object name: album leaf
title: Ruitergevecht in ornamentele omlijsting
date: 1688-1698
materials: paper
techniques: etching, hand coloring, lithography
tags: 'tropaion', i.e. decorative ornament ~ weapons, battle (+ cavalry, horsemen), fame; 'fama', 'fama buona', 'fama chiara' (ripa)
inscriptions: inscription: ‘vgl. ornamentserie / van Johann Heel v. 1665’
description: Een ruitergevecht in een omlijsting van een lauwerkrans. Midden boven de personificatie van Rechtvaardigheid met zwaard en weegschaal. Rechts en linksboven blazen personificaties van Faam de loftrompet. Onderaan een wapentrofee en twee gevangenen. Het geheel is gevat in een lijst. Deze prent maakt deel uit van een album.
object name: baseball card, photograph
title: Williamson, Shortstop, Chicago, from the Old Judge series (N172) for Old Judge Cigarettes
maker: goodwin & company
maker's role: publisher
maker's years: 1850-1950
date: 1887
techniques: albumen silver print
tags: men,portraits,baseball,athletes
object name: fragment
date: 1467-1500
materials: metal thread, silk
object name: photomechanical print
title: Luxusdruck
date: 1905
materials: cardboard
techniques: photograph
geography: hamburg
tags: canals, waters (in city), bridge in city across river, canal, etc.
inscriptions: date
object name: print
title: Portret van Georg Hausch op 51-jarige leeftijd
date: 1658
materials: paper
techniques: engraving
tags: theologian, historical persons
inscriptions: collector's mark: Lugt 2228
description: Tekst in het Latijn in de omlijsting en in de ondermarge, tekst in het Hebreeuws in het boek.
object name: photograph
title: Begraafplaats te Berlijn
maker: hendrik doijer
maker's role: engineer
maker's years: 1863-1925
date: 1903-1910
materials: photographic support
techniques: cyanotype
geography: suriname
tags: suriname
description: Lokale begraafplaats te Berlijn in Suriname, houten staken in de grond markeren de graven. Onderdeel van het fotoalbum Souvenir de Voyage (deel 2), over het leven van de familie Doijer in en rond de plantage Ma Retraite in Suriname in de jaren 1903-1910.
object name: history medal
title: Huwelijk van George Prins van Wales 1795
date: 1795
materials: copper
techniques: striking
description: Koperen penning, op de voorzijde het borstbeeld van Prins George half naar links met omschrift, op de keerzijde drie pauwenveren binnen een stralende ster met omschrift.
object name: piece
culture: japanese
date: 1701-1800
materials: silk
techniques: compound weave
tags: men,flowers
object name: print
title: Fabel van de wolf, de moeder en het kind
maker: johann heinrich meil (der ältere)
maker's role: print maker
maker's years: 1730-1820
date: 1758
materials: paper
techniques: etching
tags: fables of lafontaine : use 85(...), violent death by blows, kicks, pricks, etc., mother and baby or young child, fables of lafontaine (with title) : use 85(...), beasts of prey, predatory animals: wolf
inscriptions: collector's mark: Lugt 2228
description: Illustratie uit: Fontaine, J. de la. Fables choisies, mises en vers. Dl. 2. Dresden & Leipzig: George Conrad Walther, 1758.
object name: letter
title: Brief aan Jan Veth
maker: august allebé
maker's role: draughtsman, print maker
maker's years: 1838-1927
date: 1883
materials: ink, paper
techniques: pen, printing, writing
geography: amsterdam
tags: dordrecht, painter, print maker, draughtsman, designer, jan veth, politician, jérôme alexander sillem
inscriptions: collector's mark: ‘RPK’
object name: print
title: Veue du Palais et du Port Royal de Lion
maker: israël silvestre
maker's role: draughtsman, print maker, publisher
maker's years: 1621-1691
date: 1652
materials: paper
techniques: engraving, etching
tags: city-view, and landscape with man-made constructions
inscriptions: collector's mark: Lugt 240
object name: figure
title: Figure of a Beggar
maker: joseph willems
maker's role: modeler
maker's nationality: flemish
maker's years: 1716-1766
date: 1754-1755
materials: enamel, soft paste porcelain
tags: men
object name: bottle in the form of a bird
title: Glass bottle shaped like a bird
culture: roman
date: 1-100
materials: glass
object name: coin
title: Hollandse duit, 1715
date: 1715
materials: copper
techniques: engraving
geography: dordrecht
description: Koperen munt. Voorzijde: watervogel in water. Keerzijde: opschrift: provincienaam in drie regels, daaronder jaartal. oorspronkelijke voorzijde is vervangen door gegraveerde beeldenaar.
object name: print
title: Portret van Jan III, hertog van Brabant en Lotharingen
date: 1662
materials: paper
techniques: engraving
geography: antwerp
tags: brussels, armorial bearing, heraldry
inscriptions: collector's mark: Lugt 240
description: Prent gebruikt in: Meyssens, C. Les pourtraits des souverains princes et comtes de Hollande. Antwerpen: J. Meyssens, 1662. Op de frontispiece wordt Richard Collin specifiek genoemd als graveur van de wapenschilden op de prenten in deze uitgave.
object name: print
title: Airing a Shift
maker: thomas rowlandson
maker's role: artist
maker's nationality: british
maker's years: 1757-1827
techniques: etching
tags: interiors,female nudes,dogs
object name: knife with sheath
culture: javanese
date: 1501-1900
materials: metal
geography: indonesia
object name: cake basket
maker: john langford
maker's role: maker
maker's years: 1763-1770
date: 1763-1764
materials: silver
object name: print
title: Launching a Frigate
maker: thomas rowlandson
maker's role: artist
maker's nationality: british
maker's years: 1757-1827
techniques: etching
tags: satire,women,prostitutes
◇ ◇ ◇
Return each line exactly, beginning at the start of the material above and ending at the line that includes "tags: 'tropaion', i.e.", with both of those kept.

**SOLUTION FOR THIS TASK**:
object name: album leaf
title: Ruitergevecht in ornamentele omlijsting
date: 1688-1698
materials: paper
techniques: etching, hand coloring, lithography
tags: 'tropaion', i.e. decorative ornament ~ weapons, battle (+ cavalry, horsemen), fame; 'fama', 'fama buona', 'fama chiara' (ripa)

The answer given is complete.